Part of this is driven by consolidation in the entertainment
industry. America’s two largest comic publishers, DC and Marvel, are owned by
Warner Brothers Entertainment and Disney respectively, and their stock-in-trade is superheroes. Disney’s $4 billion
purchase of Marvel in 2009 was clearly driven by a desire to use Marvel’s
stable of action heroes and proven franchise-worthy lineup (The Hulk, Iron Man,
Fantastic Four, etc.) to fill a hole the size of a teenage boy in Disney’s
otherwise-dominant pop culture portfolio.
DC flew under Warner Brothers’ radar for decades, but now
the parent company is mining its IP goldmine (which includes Batman, Superman,
Wonder Woman, Justice League and other household-name characters) strategically
rather than opportunistically. The synergies between DC’s recent “New 52”
relaunch of its superhero comics and the release of transmedia properties like
the Batman: Arkham City videogame and next year’s Dark Knight Rises movie are
much more coordinated both from a marketing and timing perspective than in
years past.
Spielberg’s Adventures of Tintin (produced by Lord of the
Rings director Peter Jackson) is in an oddity, based on a comic character who
is neither a costumed superhero nor even American. Created by Belgian
cartoonist Georges Remi (under the pen name Hergé) in the late 1920s, the boy
adventurer and his dog Snowy starred in a series of best-selling graphic novels
throughout the '30s and '40s.
Hergé’s clean-line art style and fast-moving storytelling was an
enormous influence in the European comic scene. In English-speaking countries,
the graphic novel had to fight for decades to be taken seriously by critics and
readers, and even today is still subject to the occasional “Zap! Bam! Pow! Comics Aren’t Just For Kids
Anymore!” treatment in the media. Thanks in part to creators like Hergé and
others who produced general material for a wide range of audiences, the comics
medium enjoys much greater artistic respect and mass-market appeal in Europe.
Ironically, European comic properties have proven much less
bankable when moving to other media. Fantomas, Diabolik, Barbarella, and Asterix
the Gaul--all blue-chip, well-recognized characters with huge followings in
Europe--never made much of a splash as movies. Tintin is the king of this
particular mountain and an incredibly popular character throughout the world,
but until now has not received a big-budget adaptation on screen.

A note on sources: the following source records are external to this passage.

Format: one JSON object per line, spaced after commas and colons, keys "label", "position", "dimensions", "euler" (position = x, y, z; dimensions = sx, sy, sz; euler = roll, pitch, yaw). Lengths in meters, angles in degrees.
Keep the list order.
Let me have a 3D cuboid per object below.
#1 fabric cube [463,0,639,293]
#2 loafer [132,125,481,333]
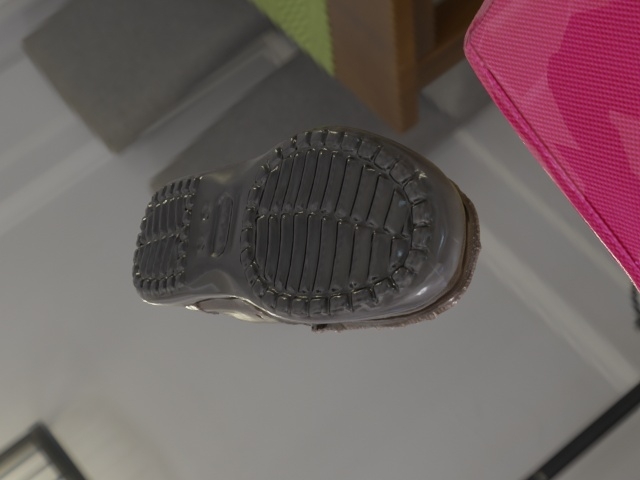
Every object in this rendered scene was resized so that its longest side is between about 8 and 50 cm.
{"label": "fabric cube", "position": [0.236, -0.075, 0.363], "dimensions": [0.259, 0.254, 0.258], "euler": [54, 155, 13]}
{"label": "loafer", "position": [0.000, 0.000, 1.014], "dimensions": [0.130, 0.134, 0.366], "euler": [16, 172, -34]}
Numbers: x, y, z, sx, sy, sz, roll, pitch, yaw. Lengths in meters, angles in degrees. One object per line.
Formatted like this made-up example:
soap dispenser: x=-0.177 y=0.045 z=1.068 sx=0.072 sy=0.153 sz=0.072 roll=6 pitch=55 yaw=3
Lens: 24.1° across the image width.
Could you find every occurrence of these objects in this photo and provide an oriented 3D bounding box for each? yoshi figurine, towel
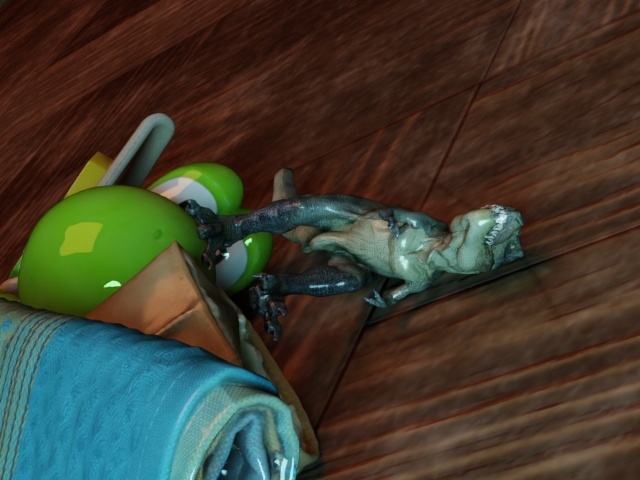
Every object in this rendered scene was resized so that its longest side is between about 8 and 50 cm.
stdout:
yoshi figurine: x=-0.195 y=0.071 z=0.884 sx=0.362 sy=0.203 sz=0.203 roll=-35 pitch=36 yaw=2
towel: x=-0.135 y=0.157 z=0.573 sx=0.370 sy=0.040 sz=0.271 roll=6 pitch=82 yaw=60

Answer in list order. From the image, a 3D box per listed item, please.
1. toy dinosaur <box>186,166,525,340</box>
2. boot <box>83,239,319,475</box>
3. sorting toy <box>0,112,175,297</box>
toy dinosaur: x=0.000 y=0.000 z=0.818 sx=0.118 sy=0.064 sz=0.268 roll=-16 pitch=17 yaw=-28
boot: x=-0.166 y=0.090 z=0.772 sx=0.269 sy=0.236 sz=0.089 roll=-37 pitch=-14 yaw=10
sorting toy: x=-0.200 y=0.012 z=1.112 sx=0.193 sy=0.038 sz=0.208 roll=-51 pitch=4 yaw=47
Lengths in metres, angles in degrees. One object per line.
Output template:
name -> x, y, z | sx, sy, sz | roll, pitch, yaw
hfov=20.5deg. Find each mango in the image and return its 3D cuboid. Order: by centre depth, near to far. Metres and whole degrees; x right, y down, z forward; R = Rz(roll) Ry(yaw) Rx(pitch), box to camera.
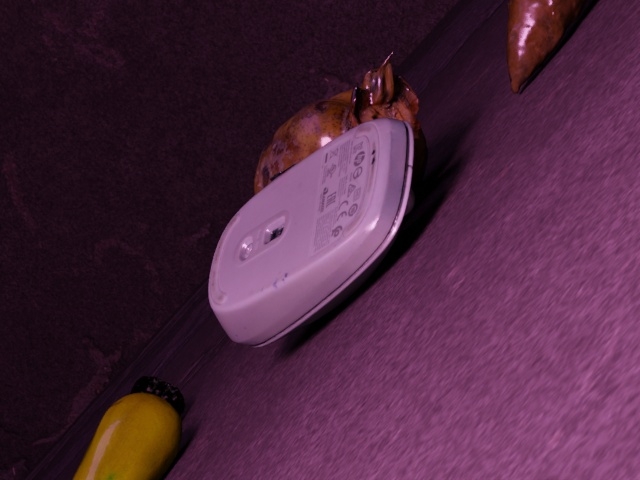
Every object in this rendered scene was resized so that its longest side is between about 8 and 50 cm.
mango -> -0.208, 0.230, 1.837 | 0.163, 0.089, 0.117 | -53, 6, -29

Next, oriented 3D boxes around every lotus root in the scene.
lotus root -> 0.031, -0.081, 1.753 | 0.154, 0.154, 0.278 | -52, 4, -34

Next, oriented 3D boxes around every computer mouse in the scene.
computer mouse -> 0.004, 0.003, 1.633 | 0.288, 0.097, 0.159 | -31, 38, 41

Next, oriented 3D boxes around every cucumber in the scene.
cucumber -> -0.231, 0.250, 1.996 | 0.072, 0.072, 0.300 | -46, 6, 31

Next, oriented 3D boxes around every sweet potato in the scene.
sweet potato -> 0.268, -0.325, 1.731 | 0.130, 0.130, 0.423 | -42, 16, 56
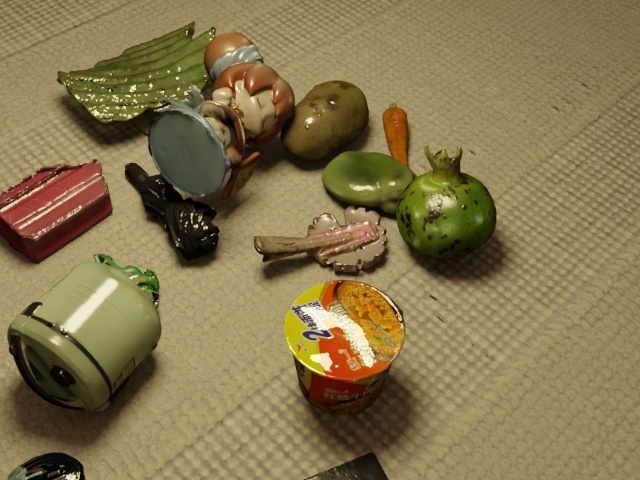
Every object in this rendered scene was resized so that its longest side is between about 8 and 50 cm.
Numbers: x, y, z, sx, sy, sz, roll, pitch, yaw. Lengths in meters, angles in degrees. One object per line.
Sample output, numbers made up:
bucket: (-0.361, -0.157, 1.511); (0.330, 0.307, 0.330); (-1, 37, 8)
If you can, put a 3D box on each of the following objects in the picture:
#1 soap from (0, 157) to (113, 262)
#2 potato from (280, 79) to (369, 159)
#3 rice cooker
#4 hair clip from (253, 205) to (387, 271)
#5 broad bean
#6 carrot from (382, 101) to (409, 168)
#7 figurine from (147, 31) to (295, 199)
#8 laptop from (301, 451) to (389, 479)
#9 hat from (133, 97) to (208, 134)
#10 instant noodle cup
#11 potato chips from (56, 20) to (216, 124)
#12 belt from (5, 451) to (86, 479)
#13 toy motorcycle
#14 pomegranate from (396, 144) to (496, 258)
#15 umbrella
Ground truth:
soap: (-0.561, -0.079, 1.677); (0.162, 0.099, 0.250); (36, 57, 25)
potato: (0.016, -0.281, 1.845); (0.165, 0.165, 0.262); (26, 48, 18)
rice cooker: (-0.422, 0.176, 1.393); (0.226, 0.226, 0.244); (23, 51, 17)
hair clip: (-0.003, 0.005, 1.647); (0.300, 0.069, 0.173); (-8, 51, -23)
broad bean: (0.115, -0.139, 1.763); (0.228, 0.100, 0.169); (9, 42, 7)
carrot: (0.189, -0.224, 1.872); (0.061, 0.061, 0.257); (-3, 60, -5)
figurine: (-0.205, -0.261, 1.691); (0.248, 0.277, 0.388); (15, 38, 24)
laptop: (0.031, 0.445, 1.307); (0.197, 0.016, 0.135); (-16, 51, -17)
hat: (-0.360, -0.320, 1.885); (0.173, 0.144, 0.166); (36, 51, -2)
instant noodle cup: (0.041, 0.203, 1.410); (0.213, 0.174, 0.213); (0, 50, -1)
potato chips: (-0.442, -0.426, 1.923); (0.389, 0.097, 0.373); (-27, 39, -17)
belt: (-0.456, 0.407, 1.287); (0.140, 0.058, 0.105); (-22, 50, -20)
toy motorcycle: (-0.393, 0.084, 1.565); (0.190, 0.074, 0.106); (20, 42, 16)
pomegranate: (0.262, -0.079, 1.621); (0.211, 0.263, 0.211); (-1, 26, 1)
umbrella: (-0.333, -0.080, 1.699); (0.118, 0.118, 0.340); (-30, 47, -25)
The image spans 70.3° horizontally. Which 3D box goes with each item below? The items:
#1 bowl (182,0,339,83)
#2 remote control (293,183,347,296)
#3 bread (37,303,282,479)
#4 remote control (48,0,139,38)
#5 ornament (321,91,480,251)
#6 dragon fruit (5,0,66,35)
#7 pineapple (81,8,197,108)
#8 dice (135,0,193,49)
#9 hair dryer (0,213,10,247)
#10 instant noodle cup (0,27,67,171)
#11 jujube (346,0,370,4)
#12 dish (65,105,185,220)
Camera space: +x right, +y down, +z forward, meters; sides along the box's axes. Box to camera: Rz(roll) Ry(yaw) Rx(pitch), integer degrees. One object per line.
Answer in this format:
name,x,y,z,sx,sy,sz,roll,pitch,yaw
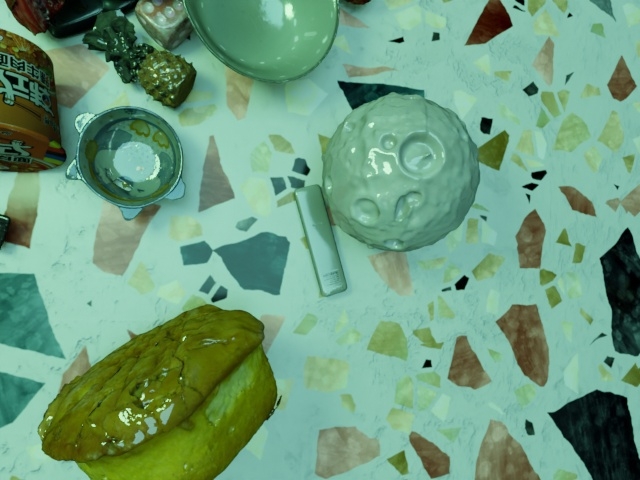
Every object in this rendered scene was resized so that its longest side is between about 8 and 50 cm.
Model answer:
bowl,-0.140,-0.493,0.966,0.336,0.157,0.338,-3,97,-26
remote control,0.000,0.000,1.065,0.067,0.029,0.261,-15,89,-12
bread,-0.274,0.276,0.818,0.397,0.398,0.216,-26,106,-12
remote control,-0.476,-0.498,0.964,0.221,0.042,0.072,-33,93,-11
ornament,0.169,-0.140,0.962,0.336,0.337,0.338,0,88,-13
dragon fruit,-0.562,-0.570,0.855,0.204,0.152,0.317,15,78,25
pineapple,-0.380,-0.381,0.955,0.237,0.111,0.119,32,56,-4
dice,-0.329,-0.475,0.971,0.094,0.091,0.093,43,80,-7
hair dryer,-0.744,0.034,0.884,0.195,0.078,0.249,22,93,-12
instant noodle cup,-0.606,-0.255,0.839,0.250,0.250,0.192,-2,79,-13
jujube,0.059,-0.631,1.056,0.176,0.109,0.112,31,48,-7
dish,-0.399,-0.161,0.949,0.227,0.086,0.237,-30,95,-11
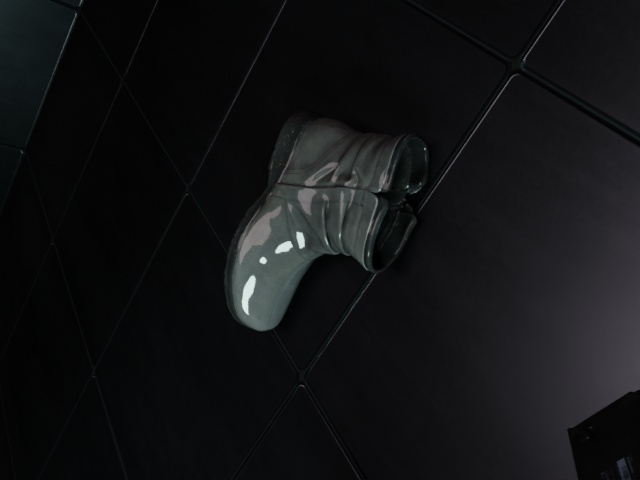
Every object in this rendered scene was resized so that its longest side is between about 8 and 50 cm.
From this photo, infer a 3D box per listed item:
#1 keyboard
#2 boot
[{"bbox_3d":[0.237,0.204,0.497,0.108,0.023,0.180,-45,8,26],"label":"keyboard"},{"bbox_3d":[0.000,0.000,0.825,0.222,0.118,0.338,28,106,42],"label":"boot"}]
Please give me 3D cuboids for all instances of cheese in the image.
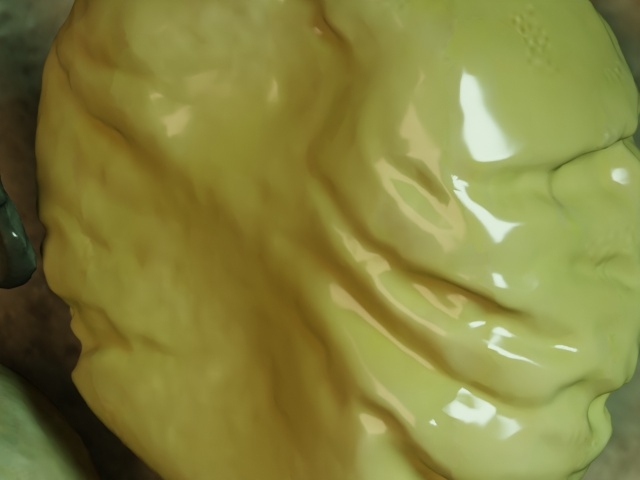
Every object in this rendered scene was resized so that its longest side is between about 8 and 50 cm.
[{"bbox_3d":[0.000,0.000,0.557,0.226,0.117,0.214,5,98,37],"label":"cheese"}]

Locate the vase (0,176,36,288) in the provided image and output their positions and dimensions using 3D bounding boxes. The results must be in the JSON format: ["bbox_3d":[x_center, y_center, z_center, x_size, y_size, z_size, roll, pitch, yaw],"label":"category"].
[{"bbox_3d":[-0.177,-0.084,0.625,0.115,0.115,0.237,-34,51,28],"label":"vase"}]

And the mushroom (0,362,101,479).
[{"bbox_3d":[-0.197,0.160,0.646,0.254,0.234,0.260,-23,37,2],"label":"mushroom"}]
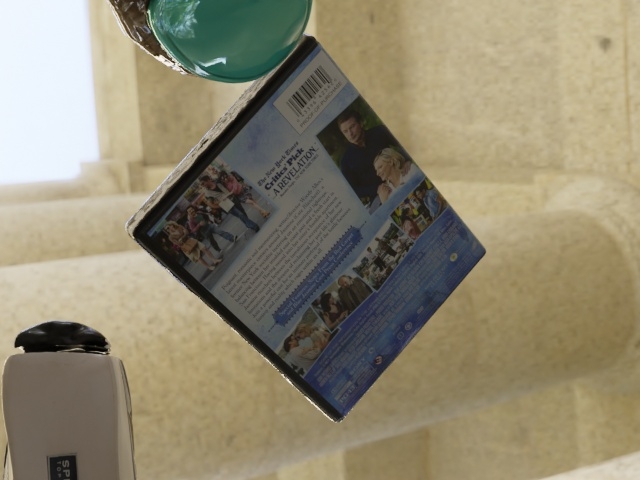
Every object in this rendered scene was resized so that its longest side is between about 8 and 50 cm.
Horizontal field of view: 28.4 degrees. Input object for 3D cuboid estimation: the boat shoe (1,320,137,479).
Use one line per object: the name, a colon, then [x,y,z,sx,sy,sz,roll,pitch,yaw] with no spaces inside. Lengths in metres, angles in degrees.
boat shoe: [-0.193,0.240,1.024,0.158,0.127,0.341,101,-10,-83]

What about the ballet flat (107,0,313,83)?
ballet flat: [-0.102,-0.168,0.617,0.124,0.342,0.116,39,-82,15]

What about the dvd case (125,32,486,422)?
dvd case: [0.000,0.000,0.906,0.180,0.253,0.022,-48,-142,-7]
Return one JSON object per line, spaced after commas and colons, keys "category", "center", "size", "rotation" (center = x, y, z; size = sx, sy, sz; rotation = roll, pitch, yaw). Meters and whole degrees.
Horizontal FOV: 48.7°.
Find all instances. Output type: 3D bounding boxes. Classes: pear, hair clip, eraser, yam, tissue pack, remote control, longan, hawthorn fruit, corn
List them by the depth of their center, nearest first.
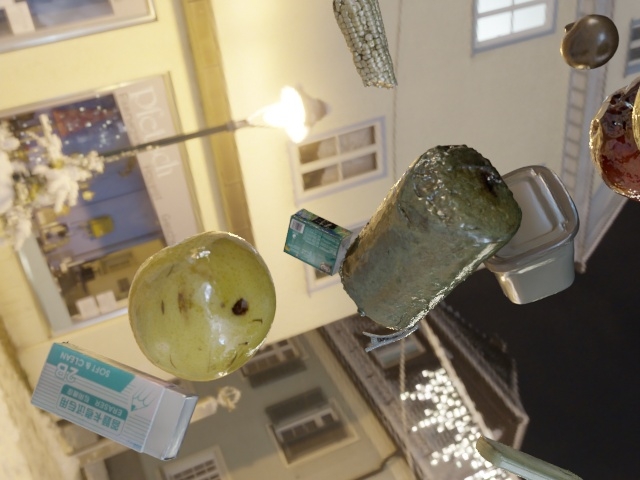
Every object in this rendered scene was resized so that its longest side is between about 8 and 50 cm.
{"category": "eraser", "center": [-0.291, 0.222, 0.993], "size": [0.052, 0.225, 0.095], "rotation": [40, 68, -73]}
{"category": "yam", "center": [0.169, -0.003, 1.137], "size": [0.300, 0.195, 0.195], "rotation": [-54, -126, 46]}
{"category": "tissue pack", "center": [0.000, -0.001, 1.332], "size": [0.111, 0.079, 0.085], "rotation": [26, -60, 19]}
{"category": "longan", "center": [0.511, -0.380, 1.353], "size": [0.113, 0.092, 0.113], "rotation": [8, -78, 45]}
{"category": "corn", "center": [0.086, -0.379, 1.357], "size": [0.087, 0.087, 0.210], "rotation": [31, -37, 64]}
{"category": "remote control", "center": [0.412, 0.442, 1.370], "size": [0.038, 0.234, 0.098], "rotation": [-66, -168, 2]}
{"category": "hair clip", "center": [0.138, 0.184, 1.396], "size": [0.030, 0.115, 0.039], "rotation": [1, 69, -83]}
{"category": "hawthorn fruit", "center": [0.722, -0.206, 1.472], "size": [0.311, 0.295, 0.295], "rotation": [26, -35, 15]}
{"category": "pear", "center": [-0.267, 0.146, 1.612], "size": [0.348, 0.349, 0.348], "rotation": [162, -90, -72]}

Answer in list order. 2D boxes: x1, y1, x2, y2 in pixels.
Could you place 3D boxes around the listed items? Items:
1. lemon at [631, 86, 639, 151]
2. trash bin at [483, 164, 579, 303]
{"category": "lemon", "center": [0.644, -0.226, 1.159], "size": [0.263, 0.236, 0.236], "rotation": [-59, -146, 9]}
{"category": "trash bin", "center": [0.463, 0.003, 1.589], "size": [0.250, 0.219, 0.219], "rotation": [54, 19, -51]}

Is there something about the wonky, cultish aspects of U.S. comic
book superheroes that makes them especially well-suited for the cinematic
treatment, while characters with superficially wider appeal such as Tintin get
taken for granted? The Adventures of Tintin will put that question to the
test. If the combined commercial and artistic might of Steven Spielberg, Peter
Jackson, and a cast of thousands of the world’s greatest animators can’t propel
the boy adventurer into the top tier of box office success, it’s hard to see
prospects for other non-genre comics in the transmedia era.